For now, FootPrinter is only available for Unix/Linux,. After downloading, follow these instructions:

gunzip FootPrinter.tar.gz
tar -xvf FootPrinter.tar
cd FootPrinter2.0
make FootPrinter



3) Input

When you run FootPrinter on your own machine, the following command line should be used:

FootPrinter <input_sequences> <phylogenetic_tree> [options...]

where:

1. Input sequences
FootPrinter takes as input a set of orthologous or paralogous sequences in which you want to find motifs. The input sequences must all be listed in the same file, in FASTA format. See example.fasta for an example. If the sequence contains characters other than a,c,g or t, any substring containing these characters will be ignored. The name of the sequences (one word, after ">") must correspond to the name of some species in the phylogenetic tree (see (2)). Each sequence must have a name that is different from that of the other sequences. Notice that this does not prevent you from having several sequences from the same species; all you need to do is to name them differently (e.g. mouse1, mouse2...). However, this in case, you will have to provide your own phylogenetic tree, with mouse1, mouse2... as leaves.

2. Phylogenetic tree
FootPrinter uses a phylogenetic tree to evaluate the conservation of each motif. Motifs that have a low parsimony score on the given phylogenetic tree are reported.
The distribution of FootPrinter comes with a default phylogenetic tree (the file called tree_of_life), which contains several eukaryotic species. See the file nice_tree_of_life for a more readable format. If the sequences you are using come from species listed in this tree and you have only one sequence per species, you do not need to provide your own tree. Just make sure that the name of your sequences correspond to the name of the species in the tree. If you need to provide your own tree, the phylogenetic tree is given in postfix notation (the standard bracket format, also used by the PHYLIP package, among others). Only leaves are labeled, with the name of the species. Species names followed by * will match any name starting with the given name. In the downloadable version of the program, branch lengths can be specified for some branches (branch lengths are used only when the -losses option is used). The phylogeny can contain more species than just those specified in the sequence file. In that case, unused species will be removed from the tree and branch lengths will be adjusted accordingly.  All text that follows // on the same line will be considered as comments and will be ignored. See this example.

3. Sequence type
Choose among "upstream", "downstream", or "other". The sequence type only matters when the options (10) and (11) are used. For upstream sequences, the 3' end of the sequences are assumed to be aligned, whereas for downstream or other sequences, the 5' end is assumed to be aligned.

4. Motif size:
Specifies the size of the motifs sought.
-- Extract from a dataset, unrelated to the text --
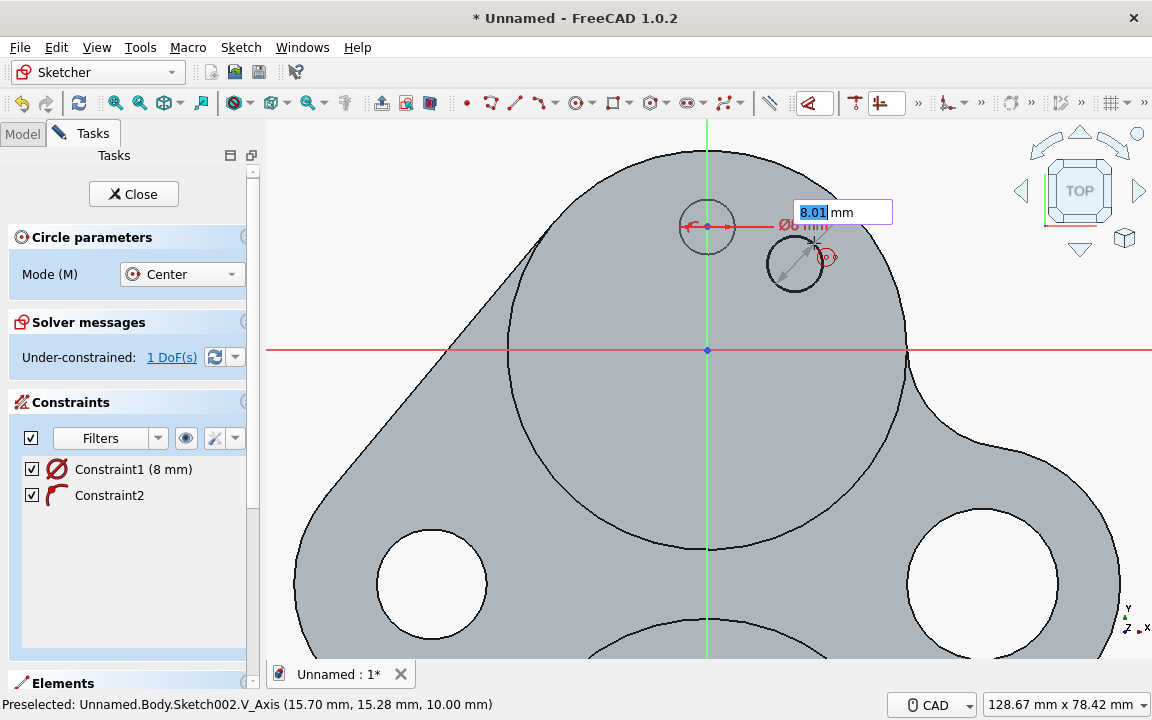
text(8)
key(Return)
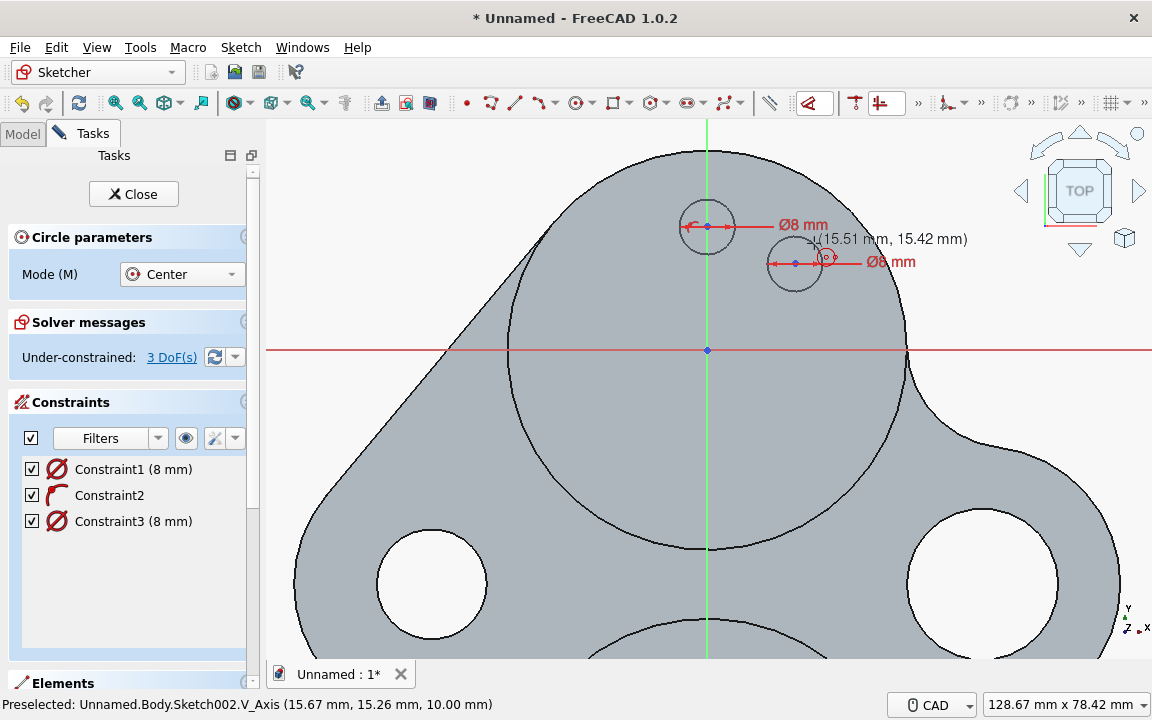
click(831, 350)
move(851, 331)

FootPrinter will report all regions of the given size that have at most the parsimony score specified in (5).
Command line option: -size <integer>
Default value : 10.
Valid range: 4 to 16.
Typical values: 6 to 12.

5. Maximum Parsimony score:
The maximum parsimony score allowed for the motifs. If the maximum parsimony score allowed is small, FootPrinter will run quickly and report only the most conserved motifs. We suggest to start with a small parsimony score, and increase it later until the desired number of motifs is reported. This option is used only if the -losses option is not. If the -losses option is used, the <losses.config> file contains this information. If the loss_cost option or the subregion_change_cost option are used, the maximum parsimony threshold actually applies to the sum of the actual parsimony score, the loss cost, and the subregion change cost.
Command line option: -max_mutations <float>
Default value: 2.
Valid range: 0 to 20.
Typical values: 0 to 6, depending on the motif size and on the diversity of the input sequences.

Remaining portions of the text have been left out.